__WORK TO BE COMPLETED__
Please repeat the records word for word and skip the pictures.

*** Opening of MATERIAL FOR THE TASK ***

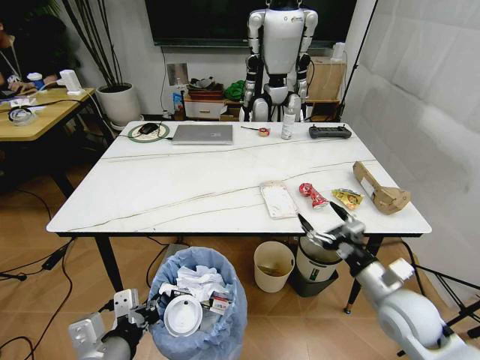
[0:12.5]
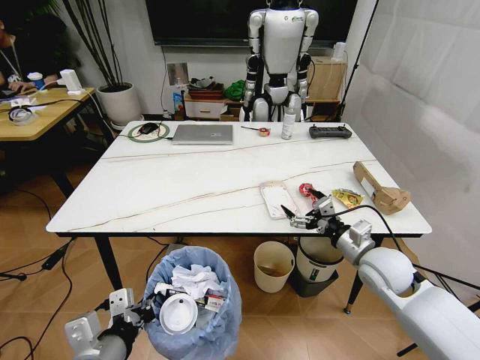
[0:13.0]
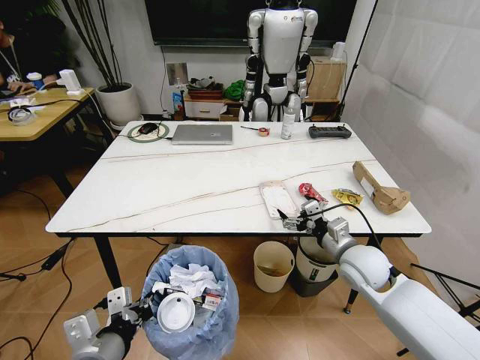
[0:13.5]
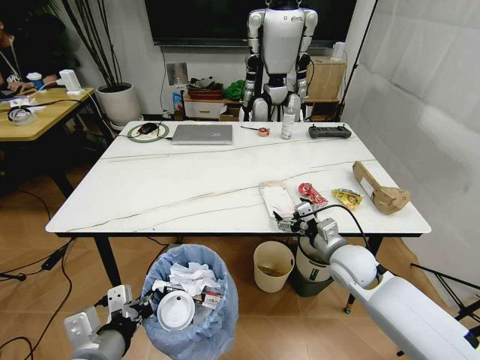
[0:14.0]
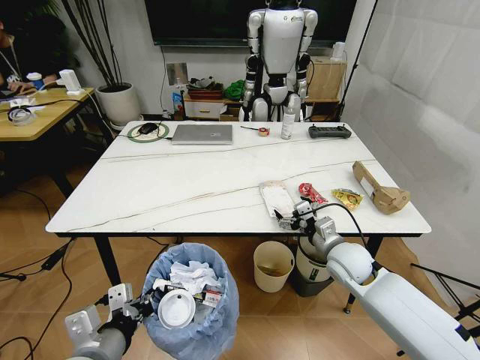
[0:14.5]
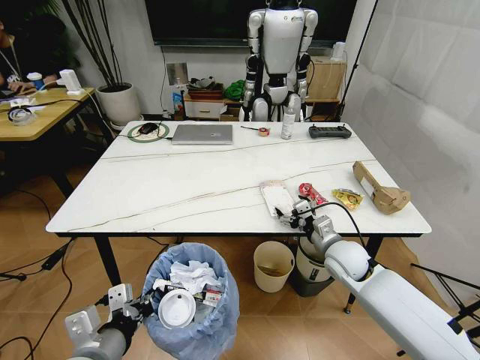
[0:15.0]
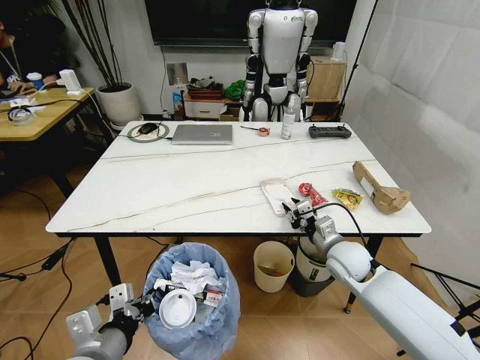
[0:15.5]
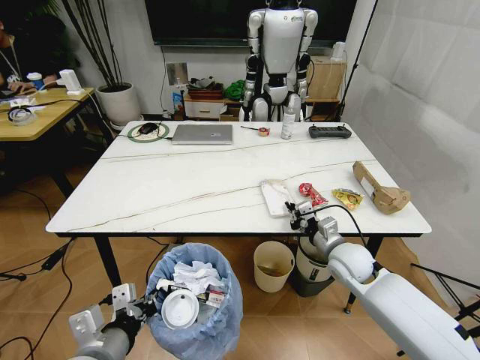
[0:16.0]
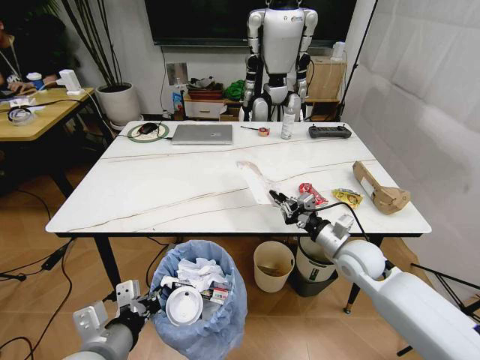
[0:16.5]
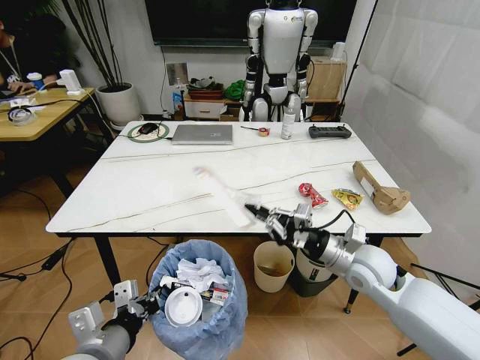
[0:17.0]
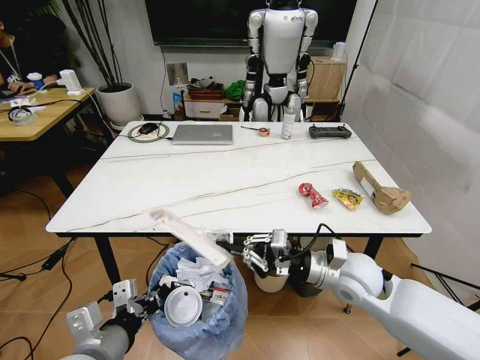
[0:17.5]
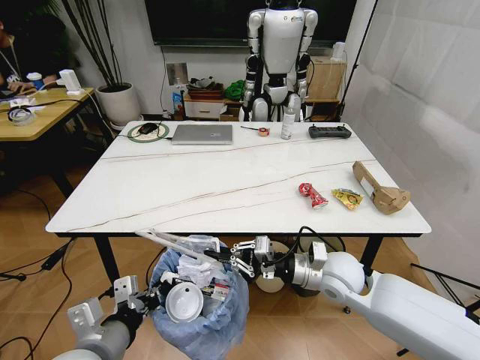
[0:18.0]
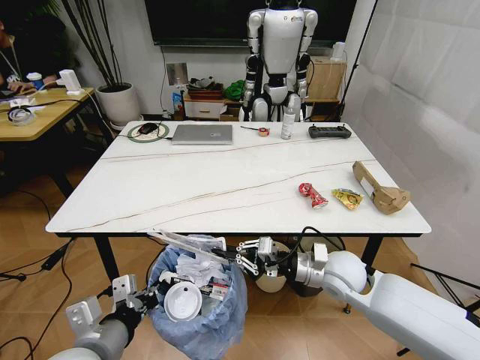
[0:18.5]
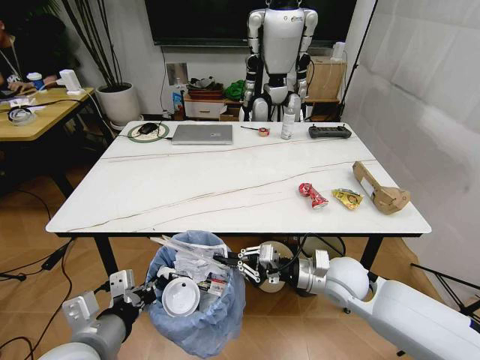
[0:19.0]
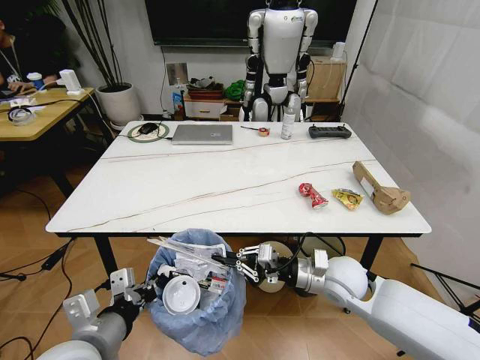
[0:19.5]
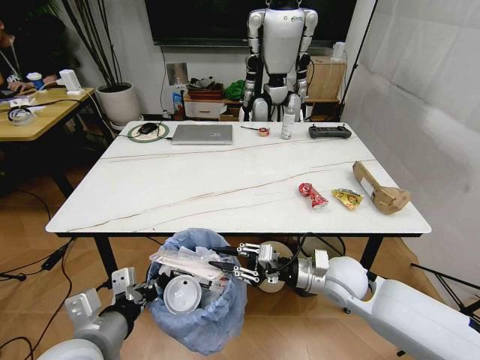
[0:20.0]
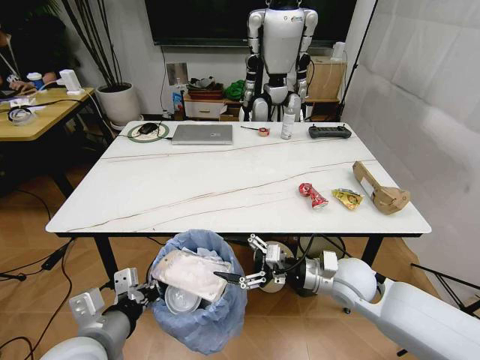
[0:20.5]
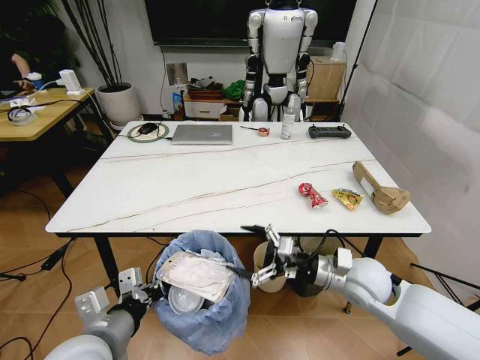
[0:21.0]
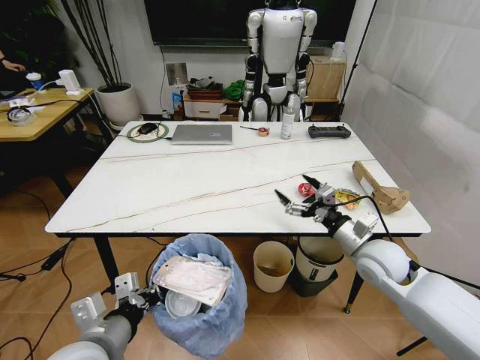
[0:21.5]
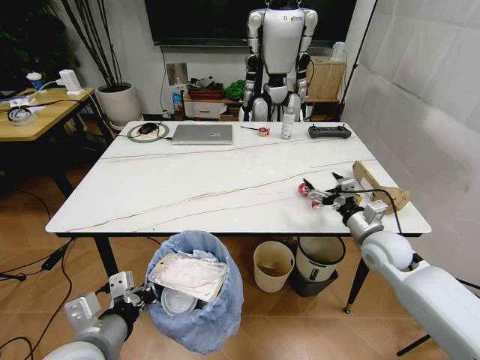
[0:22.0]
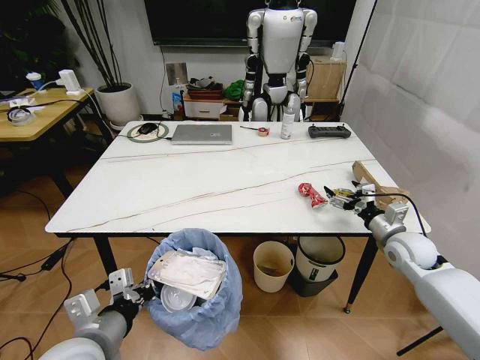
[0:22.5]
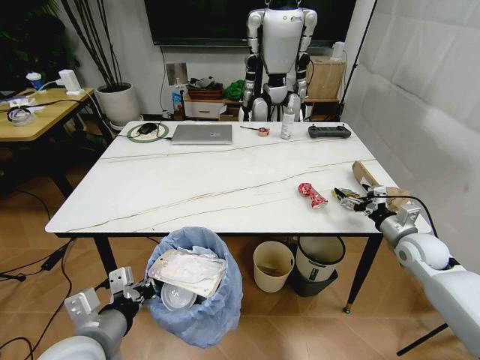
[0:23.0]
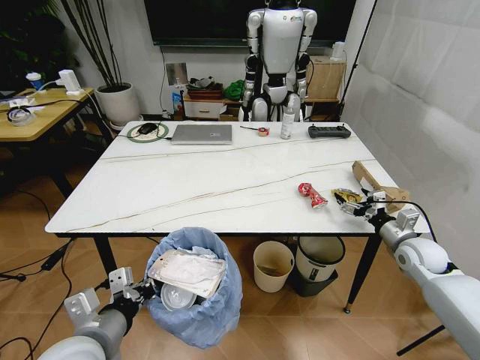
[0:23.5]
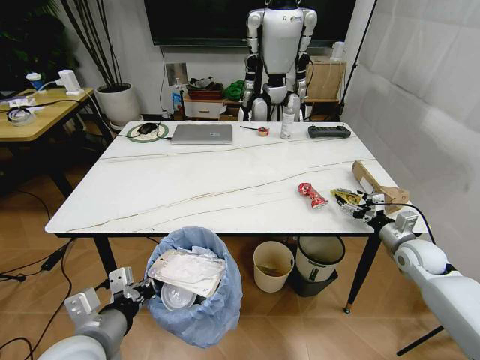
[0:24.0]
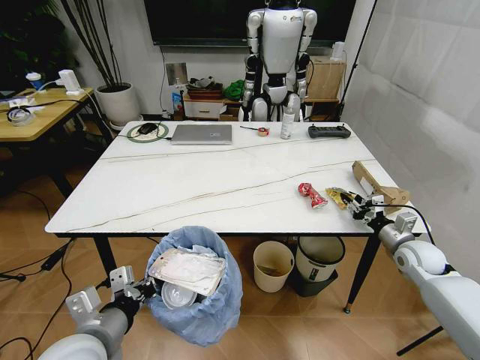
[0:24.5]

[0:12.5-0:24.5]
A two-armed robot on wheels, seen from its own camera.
Task of the whole recording: Pick up the trash bin and place the trash from the table into it.
0:12.5 to 0:14.5: The right gripper travels forward and to the left by roughly 15 cm.
0:14.5 to 0:16.5: The right gripper closes its fingers.
0:16.5 to 0:18.5: The right gripper moves to the left, roughly 5 cm.
0:18.5 to 0:20.5: The right gripper opens up.
0:20.5 to 0:22.5: The right gripper is displaced to the right and forward by roughly 20 cm.
0:22.5 to 0:24.5: The right gripper is displaced to the right by some 5 cm, and closes its fingers.

*** Close of MATERIAL FOR THE TASK ***

__ANSWER SECTION__
[0:12.5]
[0:13.0]
[0:13.5]
[0:14.0]
[0:14.5]
[0:15.0]
[0:15.5]
[0:16.0]
[0:16.5]
[0:17.0]
[0:17.5]
[0:18.0]
[0:18.5]
[0:19.0]
[0:19.5]
[0:20.0]
[0:20.5]
[0:21.0]
[0:21.5]
[0:22.0]
[0:22.5]
[0:23.0]
[0:23.5]
[0:24.0]
[0:24.5]

[0:12.5-0:24.5]
A two-armed robot on wheels, seen from its own camera.
Task of the whole recording: Pick up the trash bin and place the trash from the table into it.
0:12.5 to 0:14.5: The right gripper travels forward and to the left by roughly 15 cm.
0:14.5 to 0:16.5: The right gripper closes its fingers.
0:16.5 to 0:18.5: The right gripper moves to the left, roughly 5 cm.
0:18.5 to 0:20.5: The right gripper opens up.
0:20.5 to 0:22.5: The right gripper is displaced to the right and forward by roughly 20 cm.
0:22.5 to 0:24.5: The right gripper is displaced to the right by some 5 cm, and closes its fingers.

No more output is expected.